5. A.I. Artificial intelligence

The plot of AI revolves around a robotic boy, the first programmed to love, who is adopted as a test case by a #Cybertronics employee and his wife. As he gradually grows, a series of unexpected circumstances make this life impossible for him.

Without final acceptance by humans or machines, he embarks upon a journey to discover where he truly belongs — uncovering a profoundly thin line between the robot and the machine world. Does the future speak more for emotions in machines?

6. Ex Machina

In this film, neither does AI crave world domination, nor does it malfunction under a fundamentally flawed programming logic as opposed to the cliche Intelligent films today.
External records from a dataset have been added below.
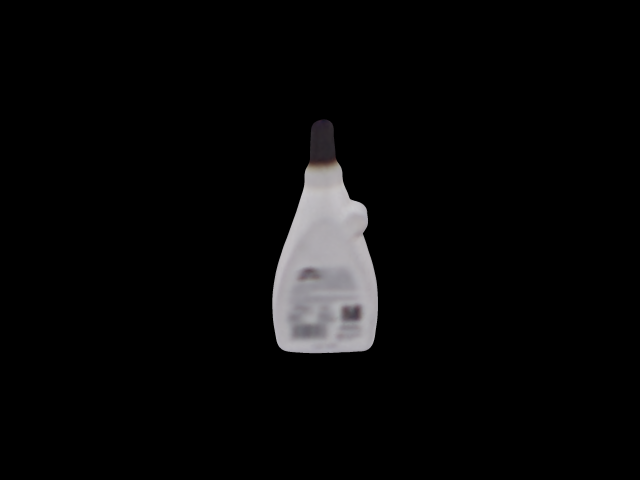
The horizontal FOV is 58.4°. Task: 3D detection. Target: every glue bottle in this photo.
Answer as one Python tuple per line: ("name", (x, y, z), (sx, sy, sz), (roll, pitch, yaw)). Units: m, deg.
("glue bottle", (0.004, 0.001, 0.400), (0.078, 0.173, 0.037), (0, 28, 0))
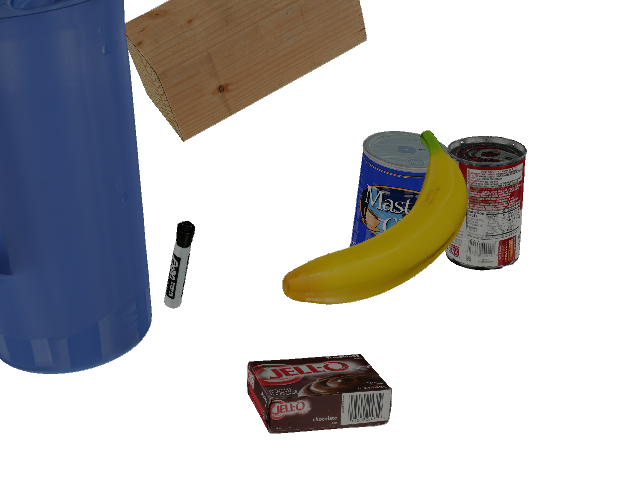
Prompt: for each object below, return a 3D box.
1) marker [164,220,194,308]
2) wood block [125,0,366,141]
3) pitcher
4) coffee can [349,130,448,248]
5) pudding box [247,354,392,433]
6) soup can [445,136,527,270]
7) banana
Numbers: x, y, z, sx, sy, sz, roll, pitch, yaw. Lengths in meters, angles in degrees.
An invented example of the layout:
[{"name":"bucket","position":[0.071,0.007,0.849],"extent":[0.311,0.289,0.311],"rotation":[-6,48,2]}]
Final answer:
[{"name":"marker","position":[-0.150,0.026,1.138],"extent":[0.020,0.121,0.020],"rotation":[9,42,-9]},{"name":"wood block","position":[-0.070,-0.195,1.010],"extent":[0.206,0.090,0.091],"rotation":[-30,-38,-11]},{"name":"pitcher","position":[-0.180,-0.038,0.659],"extent":[0.149,0.243,0.145],"rotation":[-10,26,-12]},{"name":"coffee can","position":[0.093,-0.046,1.270],"extent":[0.103,0.140,0.103],"rotation":[5,29,-3]},{"name":"pudding box","position":[-0.003,0.136,0.957],"extent":[0.113,0.039,0.090],"rotation":[0,15,-16]},{"name":"soup can","position":[0.145,-0.033,0.940],"extent":[0.068,0.102,0.068],"rotation":[-1,25,0]},{"name":"banana","position":[0.053,-0.005,0.751],"extent":[0.070,0.037,0.197],"rotation":[29,48,19]}]
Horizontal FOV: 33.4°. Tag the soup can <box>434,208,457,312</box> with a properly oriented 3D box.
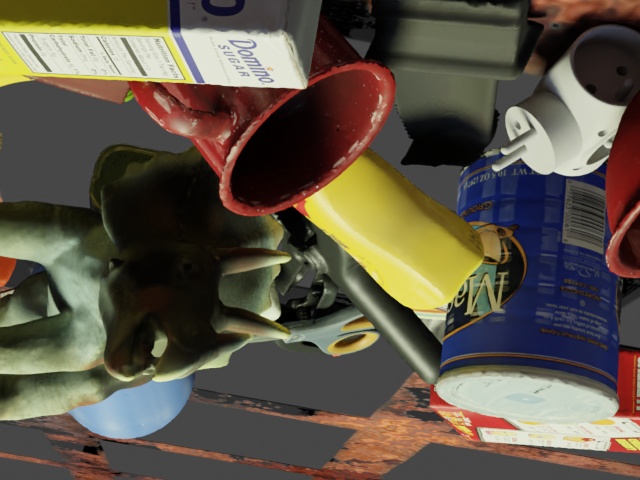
[{"bbox_3d":[0.113,0.024,0.730,0.102,0.068,0.069,18,158,-24],"label":"soup can"}]

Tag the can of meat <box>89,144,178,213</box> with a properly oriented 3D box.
[{"bbox_3d":[-0.107,-0.019,0.727,0.102,0.057,0.084,11,156,-7],"label":"can of meat"}]

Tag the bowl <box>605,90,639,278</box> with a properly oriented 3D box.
[{"bbox_3d":[0.186,-0.050,0.470,0.162,0.055,0.162,-21,155,-10],"label":"bowl"}]

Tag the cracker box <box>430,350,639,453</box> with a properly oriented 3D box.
[{"bbox_3d":[0.227,0.150,1.012,0.214,0.072,0.164,0,159,21],"label":"cracker box"}]

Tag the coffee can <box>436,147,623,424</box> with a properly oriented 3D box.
[{"bbox_3d":[0.127,0.028,0.633,0.103,0.140,0.103,8,159,3],"label":"coffee can"}]

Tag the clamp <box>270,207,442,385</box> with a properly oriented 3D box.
[{"bbox_3d":[-0.005,0.001,0.704,0.165,0.036,0.210,23,152,45],"label":"clamp"}]

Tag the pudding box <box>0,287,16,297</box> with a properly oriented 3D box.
[{"bbox_3d":[-0.288,0.067,0.967,0.090,0.039,0.113,-18,-179,-3],"label":"pudding box"}]

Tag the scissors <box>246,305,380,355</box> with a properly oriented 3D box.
[{"bbox_3d":[-0.019,0.084,0.893,0.201,0.016,0.096,-11,153,-18],"label":"scissors"}]

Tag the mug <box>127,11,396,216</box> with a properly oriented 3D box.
[{"bbox_3d":[-0.035,-0.069,0.471,0.117,0.081,0.093,-14,148,-45],"label":"mug"}]

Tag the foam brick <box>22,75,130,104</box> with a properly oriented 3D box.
[{"bbox_3d":[-0.120,-0.107,0.505,0.078,0.053,0.051,14,157,-17],"label":"foam brick"}]

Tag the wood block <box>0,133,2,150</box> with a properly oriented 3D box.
[{"bbox_3d":[-0.320,-0.031,0.734,0.207,0.091,0.090,-11,152,41],"label":"wood block"}]

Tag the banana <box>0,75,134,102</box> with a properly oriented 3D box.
[{"bbox_3d":[-0.187,-0.082,0.585,0.198,0.069,0.037,-13,-169,36],"label":"banana"}]

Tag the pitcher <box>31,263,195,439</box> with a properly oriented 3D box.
[{"bbox_3d":[-0.169,0.077,0.930,0.145,0.149,0.243,23,157,5],"label":"pitcher"}]

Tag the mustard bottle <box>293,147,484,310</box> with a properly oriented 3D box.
[{"bbox_3d":[-0.003,-0.041,0.572,0.191,0.058,0.096,39,179,-15],"label":"mustard bottle"}]

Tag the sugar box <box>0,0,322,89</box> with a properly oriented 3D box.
[{"bbox_3d":[-0.086,-0.112,0.423,0.176,0.093,0.048,2,158,15],"label":"sugar box"}]

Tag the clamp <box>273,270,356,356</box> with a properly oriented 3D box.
[{"bbox_3d":[-0.008,0.065,0.928,0.120,0.039,0.171,-14,158,28],"label":"clamp"}]

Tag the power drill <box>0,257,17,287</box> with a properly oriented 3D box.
[{"bbox_3d":[-0.344,0.015,0.912,0.188,0.057,0.184,-9,156,38],"label":"power drill"}]

The plot is simple, here, a young programmer is selected to participate in a ground-breaking experiment in synthetic intelligence⁷ by evaluating the human qualities of a highly advanced humanoid AI. What develops the film is the manipulative game between the android and the programmer.

7. Tron: Legacy

The Master Control Program is booted back up in a revamped Tron continuation that sees the return of a brilliant #programmer whose disappearance leads his son to search for him in and out of the computer world. Apart from a few mentions of deleting or modifying programs from the real world, there lies little correlation between it and the computer world.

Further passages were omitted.